Habitat et répartition
La Renouée bistorte est une espèce eurasiatique à tendance montagnarde et boréale. En France, elle est commune dans les Alpes, le Jura, les Vosges, le Massif central, les Pyrénées et plus rare en plaine (subsistant dans des stations relictuelles humides). Elle pousse de l’étage collinéen à l’étage subalpin (200 à 2 500 m), avec une abondance maximale entre 800 et 2 000 m. Son habitat de prédilection est constitué par les prairies humides et les prairies de fauche de montagne, riches et bien arrosées. On la trouve aussi dans les mégaphorbiaies, les bords de ruisseaux, les fossés et les sous-bois humides. Elle forme parfois des peuplements denses et spectaculaires, teignant les prairies de rose au moment de la floraison. En Europe, sa distribution s’étend de l’Islande à l’Oural, et des montagnes méditerranéennes à la Scandinavie. Elle est absente de la région méditerranéenne sèche.
Exigences écologiques
La Renouée bistorte est une espèce hygrophile, exigeant une humidité constante du sol. Elle préfère les sols profonds, riches en humus, frais à humides, argileux ou limono-argileux, à pH neutre à légèrement acide (5,5-7,5). Elle tolère les sols temporairement engorgés. C’est une plante héliophile à hémi-sciaphile, supportant la mi-ombre des lisières mais fleurissant mieux en plein soleil. Sa rusticité est exceptionnelle (zone 2, −40 °C), ce qui explique sa présence dans les régions subarctiques. Elle est sensible à la sécheresse estivale et à l’eutrophisation excessive. La Renouée bistorte est un bon indicateur des prairies mésotrophes humides, milieux de haute valeur pastorale et écologique.
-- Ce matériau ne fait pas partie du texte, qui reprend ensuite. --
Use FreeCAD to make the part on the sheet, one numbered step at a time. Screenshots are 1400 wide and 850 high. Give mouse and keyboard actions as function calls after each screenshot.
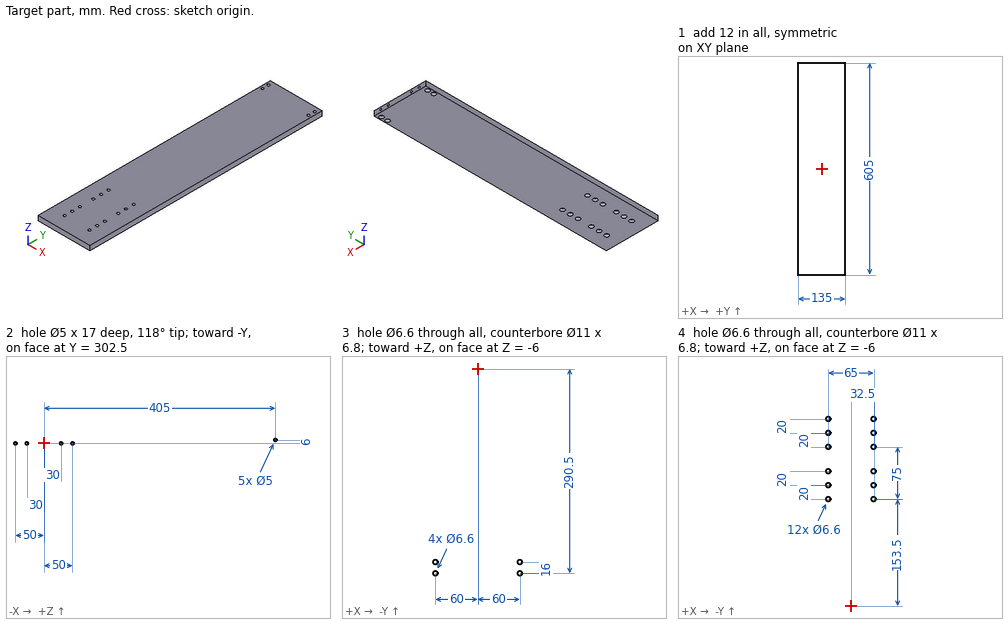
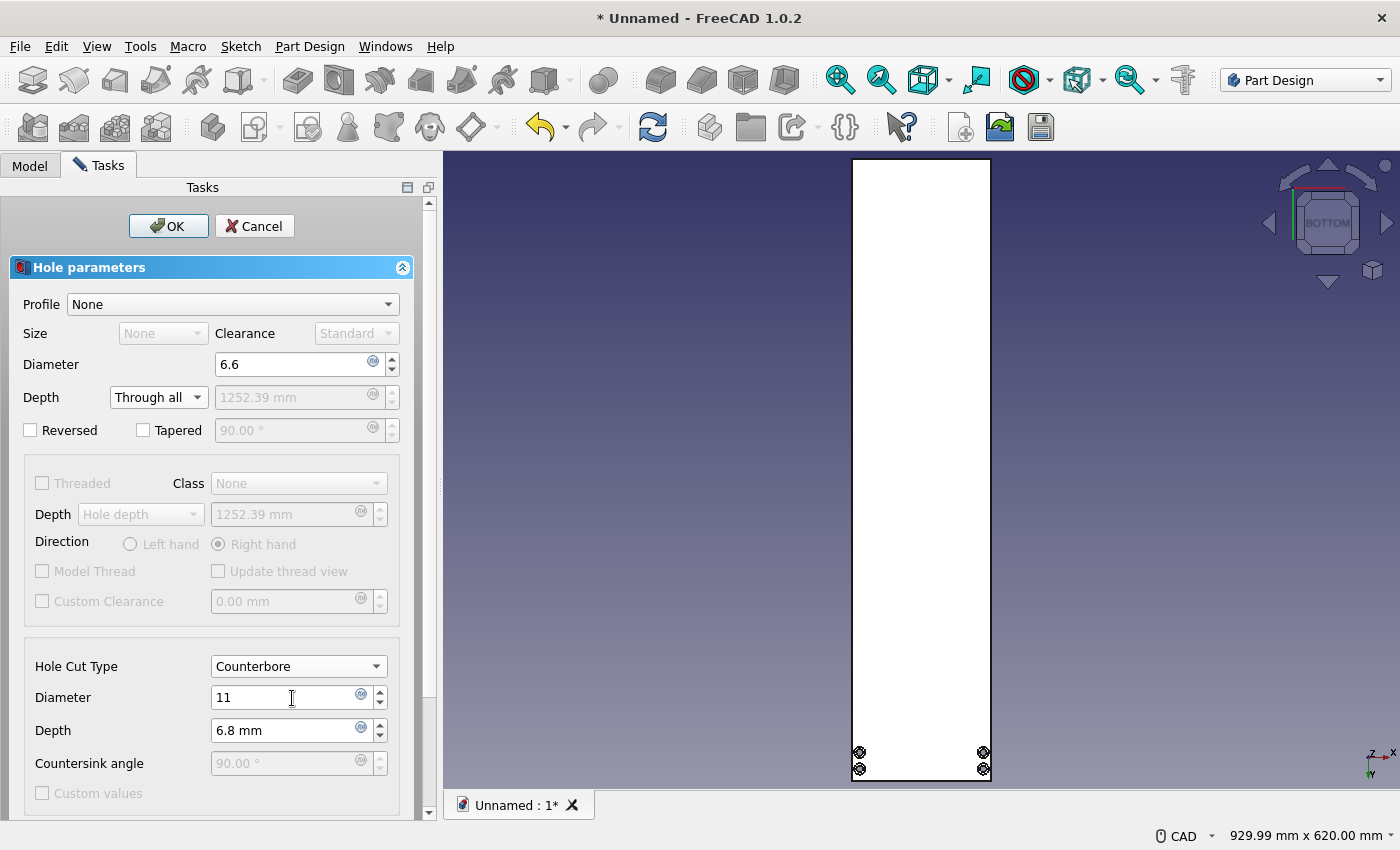
click(169, 226)

Cycle de vie et phénologie
Vivace à rhizome pérenne, la Renouée bistorte émerge au printemps (avril-mai) avec sa rosette de feuilles basales. La tige florale se dresse rapidement. La floraison, spectaculaire, a lieu de mai à août selon l’altitude, avec un pic en juin-juillet. Les épis roses attirent une grande diversité de pollinisateurs : abeilles, bourdons, syrphes, papillons et coléoptères. La pollinisation est entomophile. L’espèce est protandre (étamines mûrissant avant les stigmates), favorisant la fécondation croisée. Les akènes mûrissent en août-septembre et sont dispersés par le vent et la gravité. La multiplication végétative par fragmentation du rhizome est très efficace : les prairies à bistorte sont souvent des clones étendus. Le rhizome peut persister des décennies dans le sol, conférant à la plante une grande longévité. Après la fructification, les parties aériennes se dessèchent en automne et le rhizome entre en dormance hivernale.
III. PARTIES UTILISÉES
Parties aériennes (usage traditionnel).
IV. PHYTOCHIMIE ET ANALYSE MOLÉCULAIRE
Le rhizome de la Renouée bistorte est l’une des sources végétales les plus concentrées en tanins. La teneur en tanins totaux peut atteindre 15 à 25 % de la matière sèche, principalement des tanins condensés (proanthocyanidines) et des tanins hydrolysables (ellagitanins). Cette richesse exceptionnelle en tanins explique le goût fortement astringent du rhizome et ses propriétés médicinales. On y trouve aussi de l’amidon (environ 30 %), des acides phénoliques (acide gallique, acide ellagique, acide caféique), des flavonoïdes (quercétine, kaempférol, catéchine), de la vitamine C (dans les feuilles), des oxalates et des mucilages. Les feuilles contiennent moins de tanins (5-10 %) mais sont riches en vitamine C et en minéraux. La composition varie selon l’altitude, la saison et l’organe : la teneur en tanins est maximale dans le rhizome en automne.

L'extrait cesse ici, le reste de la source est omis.